GameStop shares tumble as Big Tech reasserts market dominance

As the broader market swelled in anticipation of robust earnings reports from tech giants Amazon and Alphabet, GameStop shares moved in the opposite direction, falling 42 percent, to $130.25, at Tuesday’s open. Other assets and securities that had attracted intense investor interest in recent days, including AMC, BlackBerry and the precious metal silver, also posted morning losses, sliding 38 percent, 12 percent and 7 percent, respectively.

Meanwhile, U.S. stocks overall continued to build on Monday’s positive momentum. The major indexes began to reverse losses from a chaotic January, which ended with a burst of speculative trading fueled in part by the Reddit forum WallStreetBets and other online trading communities.

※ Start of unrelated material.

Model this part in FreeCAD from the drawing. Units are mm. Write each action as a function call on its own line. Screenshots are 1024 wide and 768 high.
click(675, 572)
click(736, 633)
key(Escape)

The Dow Jones industrial average opened up nearly 336 points, or 1.1 percent. The S&P 500 climbed 44 points, or nearly 1.2 percent, while the tech-heavy Nasdaq added 172 points or 1.2 percent. Last week, broad anxiety over the consequences of the market chaos and worrying economic data fueled widespread losses. But optimistic investors eyeing resilient corporate earnings and discussions in Washington over another covid-19 rescue package are driving a comeback.

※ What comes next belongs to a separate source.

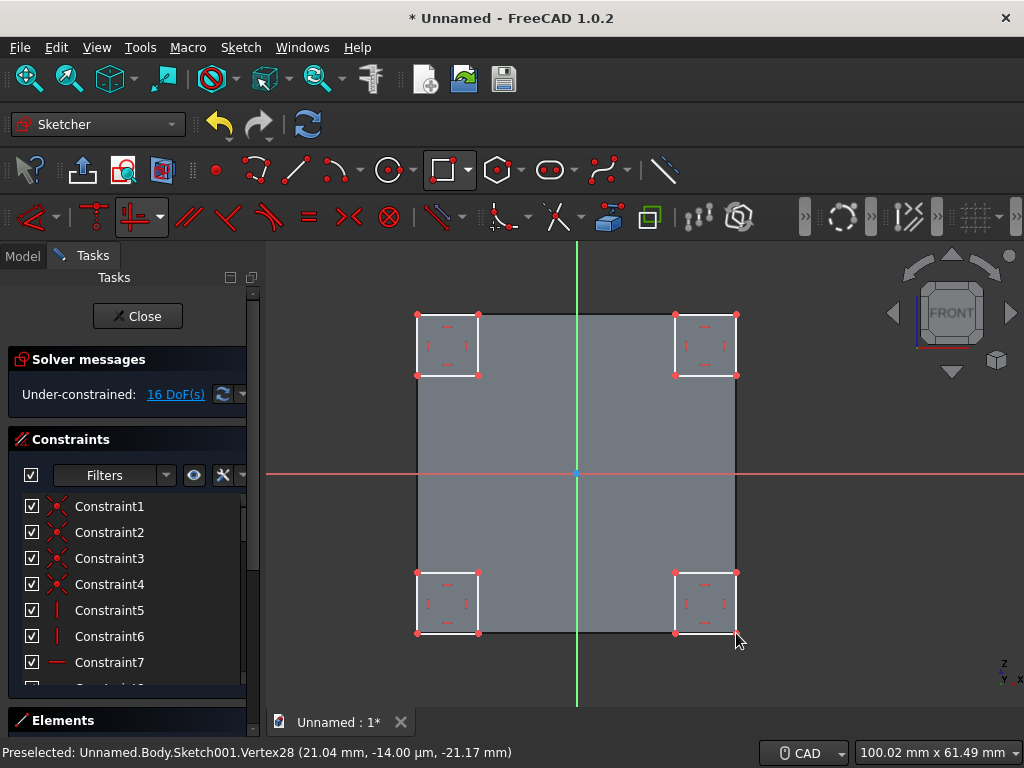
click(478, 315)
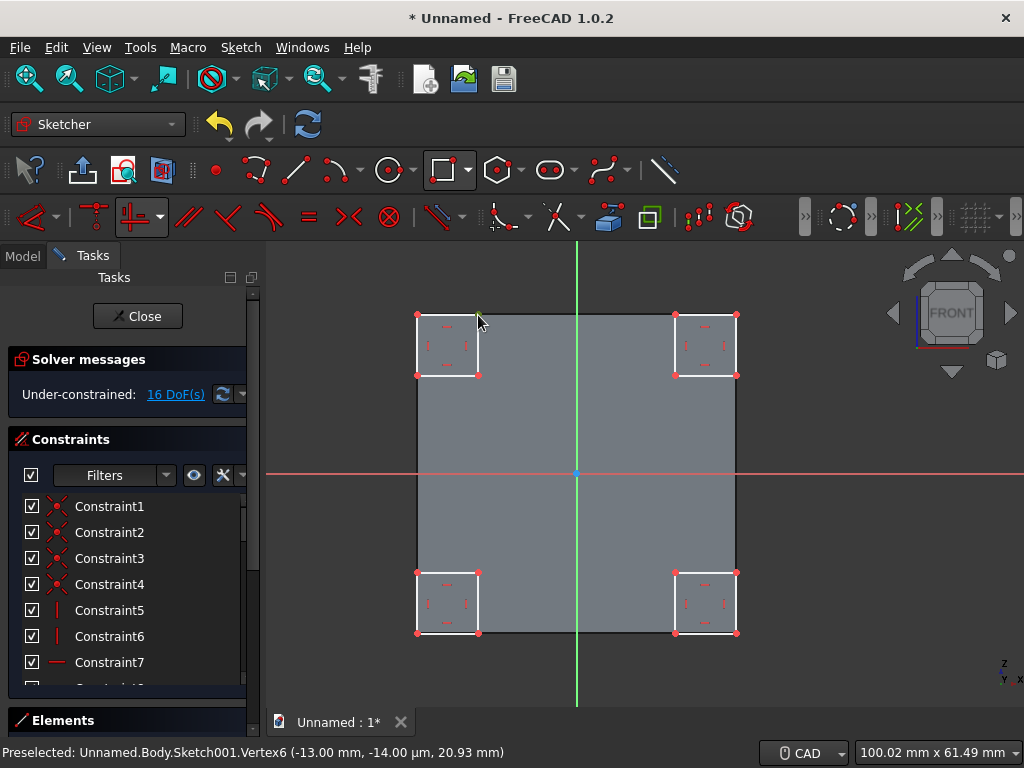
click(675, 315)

As of Tuesday morning, the popular trading platform Robinhood maintained its list of restricted stocks, including GameStop, AMC and BlackBerry. The app limits customers who already own those brands in sufficient numbers from purchasing more and bars new customers from buying those stocks above a certain number of shares.

Robinhood has played a central role in the Wall Street drama as a key facilitator for an army of retail trailers and, conversely, for acting as a chokepoint in the middle of the speculative frenzy. Like other stock trading apps, Robinhood temporarily froze customers’ ability to buy GameStop and other highly sought-after shares, prompting a wave of selling and a vocal backlash from customers, lawmakers and business leaders.

The company has since announced it has taken in $3.4 billion in investments to secure its own financials. And the trading app has tried to explain to customers that it limited stock buying in volatile securities to ensure that it met rules on capital requirements.